_Your task_
Each line from the first down to the one containing "#5 car from (157, 198) to (175, 212)" should be returned exactly as it appears below.

Stored items
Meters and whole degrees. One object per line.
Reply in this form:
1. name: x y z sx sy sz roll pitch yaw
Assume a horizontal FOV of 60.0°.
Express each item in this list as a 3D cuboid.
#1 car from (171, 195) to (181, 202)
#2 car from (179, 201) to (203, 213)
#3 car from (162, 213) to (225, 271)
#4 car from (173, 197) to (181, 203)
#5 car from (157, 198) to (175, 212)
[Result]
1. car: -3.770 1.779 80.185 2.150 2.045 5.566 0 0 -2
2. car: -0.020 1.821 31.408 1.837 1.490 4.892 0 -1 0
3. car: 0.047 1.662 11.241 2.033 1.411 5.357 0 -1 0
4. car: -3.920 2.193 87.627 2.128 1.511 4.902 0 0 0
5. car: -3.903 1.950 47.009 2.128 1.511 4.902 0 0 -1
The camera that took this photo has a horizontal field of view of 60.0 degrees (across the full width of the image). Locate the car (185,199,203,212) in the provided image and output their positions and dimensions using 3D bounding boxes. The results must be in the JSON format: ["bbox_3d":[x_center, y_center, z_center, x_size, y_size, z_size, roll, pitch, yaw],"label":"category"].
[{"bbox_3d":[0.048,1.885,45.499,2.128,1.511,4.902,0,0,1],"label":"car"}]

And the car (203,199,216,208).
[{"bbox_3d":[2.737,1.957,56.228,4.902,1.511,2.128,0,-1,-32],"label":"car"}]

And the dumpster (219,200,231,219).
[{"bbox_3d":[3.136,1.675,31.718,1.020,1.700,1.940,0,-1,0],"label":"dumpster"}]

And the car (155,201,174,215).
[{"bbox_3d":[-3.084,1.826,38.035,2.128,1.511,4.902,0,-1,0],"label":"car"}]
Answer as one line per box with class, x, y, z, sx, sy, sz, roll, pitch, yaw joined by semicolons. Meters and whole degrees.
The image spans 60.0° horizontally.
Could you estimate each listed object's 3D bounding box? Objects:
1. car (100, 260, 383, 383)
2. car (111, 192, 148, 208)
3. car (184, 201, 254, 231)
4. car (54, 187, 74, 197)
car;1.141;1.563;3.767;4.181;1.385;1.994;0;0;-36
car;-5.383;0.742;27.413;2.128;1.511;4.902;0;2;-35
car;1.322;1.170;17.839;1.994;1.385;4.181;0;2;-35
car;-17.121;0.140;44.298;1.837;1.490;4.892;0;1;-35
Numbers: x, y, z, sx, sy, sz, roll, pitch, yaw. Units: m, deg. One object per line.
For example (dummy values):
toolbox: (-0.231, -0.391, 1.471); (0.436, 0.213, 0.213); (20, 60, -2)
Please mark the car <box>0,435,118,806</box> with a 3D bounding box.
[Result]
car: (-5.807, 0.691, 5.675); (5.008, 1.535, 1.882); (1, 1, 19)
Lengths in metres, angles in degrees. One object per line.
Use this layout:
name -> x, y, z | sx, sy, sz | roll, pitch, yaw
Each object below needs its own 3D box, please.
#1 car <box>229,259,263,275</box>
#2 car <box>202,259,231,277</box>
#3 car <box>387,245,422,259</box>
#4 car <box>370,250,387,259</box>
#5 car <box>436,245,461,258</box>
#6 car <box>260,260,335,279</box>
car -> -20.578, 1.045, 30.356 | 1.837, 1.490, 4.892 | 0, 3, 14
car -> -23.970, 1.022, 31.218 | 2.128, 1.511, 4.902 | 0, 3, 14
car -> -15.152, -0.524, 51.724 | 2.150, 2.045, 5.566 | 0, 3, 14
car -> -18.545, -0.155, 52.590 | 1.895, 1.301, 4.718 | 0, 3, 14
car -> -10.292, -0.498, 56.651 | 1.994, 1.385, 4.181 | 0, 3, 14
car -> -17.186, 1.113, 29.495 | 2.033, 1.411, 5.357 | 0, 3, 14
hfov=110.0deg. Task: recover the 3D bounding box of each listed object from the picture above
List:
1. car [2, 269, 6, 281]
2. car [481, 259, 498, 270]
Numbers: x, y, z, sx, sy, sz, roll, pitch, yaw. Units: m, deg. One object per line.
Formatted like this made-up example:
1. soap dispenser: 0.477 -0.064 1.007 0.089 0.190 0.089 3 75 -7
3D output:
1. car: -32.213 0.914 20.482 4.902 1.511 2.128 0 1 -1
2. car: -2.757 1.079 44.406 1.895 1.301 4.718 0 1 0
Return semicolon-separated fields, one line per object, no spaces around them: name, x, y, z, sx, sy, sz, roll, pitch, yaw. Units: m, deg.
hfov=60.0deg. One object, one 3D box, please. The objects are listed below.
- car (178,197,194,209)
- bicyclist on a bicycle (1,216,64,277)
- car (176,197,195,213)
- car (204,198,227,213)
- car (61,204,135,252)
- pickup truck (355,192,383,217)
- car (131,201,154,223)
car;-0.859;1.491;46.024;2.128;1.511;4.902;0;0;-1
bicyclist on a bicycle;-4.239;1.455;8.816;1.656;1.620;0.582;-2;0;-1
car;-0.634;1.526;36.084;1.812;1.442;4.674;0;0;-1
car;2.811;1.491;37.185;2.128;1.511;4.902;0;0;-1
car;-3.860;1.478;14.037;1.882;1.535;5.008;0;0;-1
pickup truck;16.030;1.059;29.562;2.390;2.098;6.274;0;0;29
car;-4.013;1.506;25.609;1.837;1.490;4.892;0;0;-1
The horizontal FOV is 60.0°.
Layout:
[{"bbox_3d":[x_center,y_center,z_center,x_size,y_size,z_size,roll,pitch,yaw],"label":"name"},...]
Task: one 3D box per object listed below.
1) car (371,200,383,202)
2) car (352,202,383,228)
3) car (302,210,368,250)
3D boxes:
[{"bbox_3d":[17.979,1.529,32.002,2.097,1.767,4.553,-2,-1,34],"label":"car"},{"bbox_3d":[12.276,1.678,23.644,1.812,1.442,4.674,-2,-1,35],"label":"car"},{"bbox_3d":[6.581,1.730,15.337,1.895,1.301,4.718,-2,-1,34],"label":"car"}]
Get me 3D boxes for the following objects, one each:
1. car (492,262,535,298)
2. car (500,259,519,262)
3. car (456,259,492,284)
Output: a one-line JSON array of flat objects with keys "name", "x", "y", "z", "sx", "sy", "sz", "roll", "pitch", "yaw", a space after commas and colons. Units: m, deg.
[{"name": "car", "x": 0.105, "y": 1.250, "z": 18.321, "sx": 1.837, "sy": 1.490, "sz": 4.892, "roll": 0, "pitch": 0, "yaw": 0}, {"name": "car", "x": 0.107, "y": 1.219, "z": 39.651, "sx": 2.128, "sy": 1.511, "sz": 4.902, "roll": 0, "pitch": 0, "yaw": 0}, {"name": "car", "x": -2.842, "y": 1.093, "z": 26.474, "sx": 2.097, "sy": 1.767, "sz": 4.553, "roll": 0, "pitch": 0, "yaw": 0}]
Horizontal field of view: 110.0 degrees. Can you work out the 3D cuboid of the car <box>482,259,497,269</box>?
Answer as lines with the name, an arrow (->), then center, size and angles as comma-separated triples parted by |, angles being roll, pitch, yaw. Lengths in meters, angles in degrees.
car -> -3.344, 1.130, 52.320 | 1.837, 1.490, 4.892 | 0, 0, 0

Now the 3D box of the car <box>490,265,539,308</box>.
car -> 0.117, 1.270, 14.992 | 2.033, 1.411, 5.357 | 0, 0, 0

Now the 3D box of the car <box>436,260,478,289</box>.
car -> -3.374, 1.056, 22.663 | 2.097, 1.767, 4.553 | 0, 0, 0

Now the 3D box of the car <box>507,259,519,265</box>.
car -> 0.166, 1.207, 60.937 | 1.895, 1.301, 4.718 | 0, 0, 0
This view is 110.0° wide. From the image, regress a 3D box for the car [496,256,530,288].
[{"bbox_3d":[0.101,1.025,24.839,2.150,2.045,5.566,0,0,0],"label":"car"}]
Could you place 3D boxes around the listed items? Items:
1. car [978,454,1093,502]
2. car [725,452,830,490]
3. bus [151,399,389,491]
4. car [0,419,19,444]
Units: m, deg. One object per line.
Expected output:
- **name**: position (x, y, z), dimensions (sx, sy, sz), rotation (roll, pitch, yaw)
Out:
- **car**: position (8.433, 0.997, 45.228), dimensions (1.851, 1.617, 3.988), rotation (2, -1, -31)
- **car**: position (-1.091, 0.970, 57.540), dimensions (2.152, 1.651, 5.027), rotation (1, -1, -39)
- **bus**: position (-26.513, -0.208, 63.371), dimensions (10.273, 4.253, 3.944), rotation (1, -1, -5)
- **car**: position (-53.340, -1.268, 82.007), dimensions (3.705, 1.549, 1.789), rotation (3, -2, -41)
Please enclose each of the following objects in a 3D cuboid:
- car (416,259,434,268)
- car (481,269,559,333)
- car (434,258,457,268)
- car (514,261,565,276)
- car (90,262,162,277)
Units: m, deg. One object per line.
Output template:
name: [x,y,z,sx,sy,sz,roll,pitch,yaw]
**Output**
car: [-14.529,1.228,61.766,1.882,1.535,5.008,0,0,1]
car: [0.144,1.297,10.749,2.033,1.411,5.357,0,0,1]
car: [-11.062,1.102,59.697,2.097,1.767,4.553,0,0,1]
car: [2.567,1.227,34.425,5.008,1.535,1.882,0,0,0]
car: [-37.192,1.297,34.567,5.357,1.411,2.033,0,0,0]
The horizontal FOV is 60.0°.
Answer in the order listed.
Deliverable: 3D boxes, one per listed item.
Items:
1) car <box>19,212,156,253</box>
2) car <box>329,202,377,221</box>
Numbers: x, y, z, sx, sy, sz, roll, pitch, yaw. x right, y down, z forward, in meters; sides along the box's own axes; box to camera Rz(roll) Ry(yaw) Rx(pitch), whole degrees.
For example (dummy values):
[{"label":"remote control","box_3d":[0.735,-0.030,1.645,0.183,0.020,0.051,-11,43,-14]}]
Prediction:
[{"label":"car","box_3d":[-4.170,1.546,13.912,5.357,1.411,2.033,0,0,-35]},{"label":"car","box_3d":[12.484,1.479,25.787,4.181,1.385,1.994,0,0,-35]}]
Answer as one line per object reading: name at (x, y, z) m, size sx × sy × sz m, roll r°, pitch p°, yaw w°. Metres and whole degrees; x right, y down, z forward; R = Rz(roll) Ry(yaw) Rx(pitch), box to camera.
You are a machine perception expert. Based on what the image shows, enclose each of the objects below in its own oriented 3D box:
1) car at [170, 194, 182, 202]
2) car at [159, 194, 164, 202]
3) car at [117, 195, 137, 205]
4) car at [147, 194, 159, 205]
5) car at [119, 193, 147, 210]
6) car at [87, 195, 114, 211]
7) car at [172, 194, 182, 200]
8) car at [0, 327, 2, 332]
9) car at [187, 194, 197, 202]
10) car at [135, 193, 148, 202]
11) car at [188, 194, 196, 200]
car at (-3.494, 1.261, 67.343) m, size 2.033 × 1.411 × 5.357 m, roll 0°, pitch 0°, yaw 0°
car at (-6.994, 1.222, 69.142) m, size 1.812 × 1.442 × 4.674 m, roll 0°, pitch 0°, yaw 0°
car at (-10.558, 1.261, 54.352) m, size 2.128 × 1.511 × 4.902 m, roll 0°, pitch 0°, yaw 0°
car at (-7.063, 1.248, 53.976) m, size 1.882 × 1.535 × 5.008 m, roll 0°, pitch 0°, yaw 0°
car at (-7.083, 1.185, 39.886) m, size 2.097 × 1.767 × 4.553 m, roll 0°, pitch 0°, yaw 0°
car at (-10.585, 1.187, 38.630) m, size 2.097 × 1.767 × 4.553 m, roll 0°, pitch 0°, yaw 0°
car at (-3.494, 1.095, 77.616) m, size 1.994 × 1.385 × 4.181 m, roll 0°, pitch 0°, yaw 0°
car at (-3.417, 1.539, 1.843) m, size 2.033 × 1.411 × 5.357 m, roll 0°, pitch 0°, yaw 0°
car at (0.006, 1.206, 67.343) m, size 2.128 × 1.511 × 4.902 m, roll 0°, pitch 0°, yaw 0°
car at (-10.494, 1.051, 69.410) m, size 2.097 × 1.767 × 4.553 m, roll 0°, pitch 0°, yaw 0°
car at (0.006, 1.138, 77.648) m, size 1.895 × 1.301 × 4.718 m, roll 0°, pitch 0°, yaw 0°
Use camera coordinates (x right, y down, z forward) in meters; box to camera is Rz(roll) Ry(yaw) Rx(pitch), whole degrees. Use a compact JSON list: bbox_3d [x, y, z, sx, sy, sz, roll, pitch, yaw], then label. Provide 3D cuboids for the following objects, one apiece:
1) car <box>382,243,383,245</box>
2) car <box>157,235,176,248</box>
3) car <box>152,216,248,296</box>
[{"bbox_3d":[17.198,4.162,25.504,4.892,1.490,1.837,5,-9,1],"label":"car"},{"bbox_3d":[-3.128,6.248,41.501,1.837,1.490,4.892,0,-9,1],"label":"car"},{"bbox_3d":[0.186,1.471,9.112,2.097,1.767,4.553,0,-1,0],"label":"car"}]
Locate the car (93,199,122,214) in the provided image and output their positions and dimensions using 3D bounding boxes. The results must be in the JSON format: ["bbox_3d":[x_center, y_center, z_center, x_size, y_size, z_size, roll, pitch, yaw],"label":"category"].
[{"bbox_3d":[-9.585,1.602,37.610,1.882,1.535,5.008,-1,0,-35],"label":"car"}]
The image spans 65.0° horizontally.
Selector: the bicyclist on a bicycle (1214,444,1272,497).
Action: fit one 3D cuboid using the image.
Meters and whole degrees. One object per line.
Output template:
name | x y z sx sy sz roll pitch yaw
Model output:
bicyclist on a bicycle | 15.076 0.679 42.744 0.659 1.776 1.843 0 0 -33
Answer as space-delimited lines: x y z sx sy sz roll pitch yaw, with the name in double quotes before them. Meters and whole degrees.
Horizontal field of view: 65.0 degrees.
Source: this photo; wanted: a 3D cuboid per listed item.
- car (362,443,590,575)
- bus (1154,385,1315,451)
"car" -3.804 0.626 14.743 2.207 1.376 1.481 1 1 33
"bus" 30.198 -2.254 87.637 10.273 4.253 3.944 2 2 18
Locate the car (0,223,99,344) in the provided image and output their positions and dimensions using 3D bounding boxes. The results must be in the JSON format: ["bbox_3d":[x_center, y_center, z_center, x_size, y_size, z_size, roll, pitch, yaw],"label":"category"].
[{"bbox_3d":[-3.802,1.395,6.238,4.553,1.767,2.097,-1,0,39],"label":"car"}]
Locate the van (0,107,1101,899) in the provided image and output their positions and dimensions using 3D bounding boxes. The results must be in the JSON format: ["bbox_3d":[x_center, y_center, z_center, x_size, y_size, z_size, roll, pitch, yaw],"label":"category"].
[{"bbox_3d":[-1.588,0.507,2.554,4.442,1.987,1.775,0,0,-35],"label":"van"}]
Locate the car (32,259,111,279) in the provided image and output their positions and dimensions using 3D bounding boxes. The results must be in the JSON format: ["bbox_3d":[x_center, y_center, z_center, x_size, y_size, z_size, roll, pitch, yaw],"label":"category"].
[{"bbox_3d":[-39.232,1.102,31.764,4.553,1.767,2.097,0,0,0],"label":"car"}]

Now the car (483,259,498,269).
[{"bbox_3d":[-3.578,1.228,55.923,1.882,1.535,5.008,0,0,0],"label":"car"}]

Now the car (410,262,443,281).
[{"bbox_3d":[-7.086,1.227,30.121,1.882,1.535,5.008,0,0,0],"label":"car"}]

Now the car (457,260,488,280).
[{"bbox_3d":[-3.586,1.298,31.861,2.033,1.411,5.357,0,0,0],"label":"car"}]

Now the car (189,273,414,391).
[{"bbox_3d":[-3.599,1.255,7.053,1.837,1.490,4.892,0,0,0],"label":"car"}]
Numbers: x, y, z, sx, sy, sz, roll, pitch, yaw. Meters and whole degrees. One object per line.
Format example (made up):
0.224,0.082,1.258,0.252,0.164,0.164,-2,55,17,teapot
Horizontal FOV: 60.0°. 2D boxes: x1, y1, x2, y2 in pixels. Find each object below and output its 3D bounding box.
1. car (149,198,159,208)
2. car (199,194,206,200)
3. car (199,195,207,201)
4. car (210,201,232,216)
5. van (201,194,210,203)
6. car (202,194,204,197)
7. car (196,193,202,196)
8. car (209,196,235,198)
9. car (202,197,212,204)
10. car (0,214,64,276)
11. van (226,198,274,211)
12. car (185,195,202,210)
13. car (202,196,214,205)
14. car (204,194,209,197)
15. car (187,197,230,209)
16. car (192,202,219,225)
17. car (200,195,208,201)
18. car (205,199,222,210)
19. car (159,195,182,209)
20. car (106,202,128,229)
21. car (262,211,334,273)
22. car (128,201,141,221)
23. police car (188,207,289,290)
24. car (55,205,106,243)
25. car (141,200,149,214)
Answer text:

_Answer to the exercise_
Meters and whole degrees. One object per line.
Reply in this form:
1. name: x y z sx sy sz roll pitch yaw
Assume a horizontal FOV of 60.0°.
Express each item in this list as a 3D cuboid.
#1 car from (171, 195) to (181, 202)
#2 car from (179, 201) to (203, 213)
#3 car from (162, 213) to (225, 271)
#4 car from (173, 197) to (181, 203)
#5 car from (157, 198) to (175, 212)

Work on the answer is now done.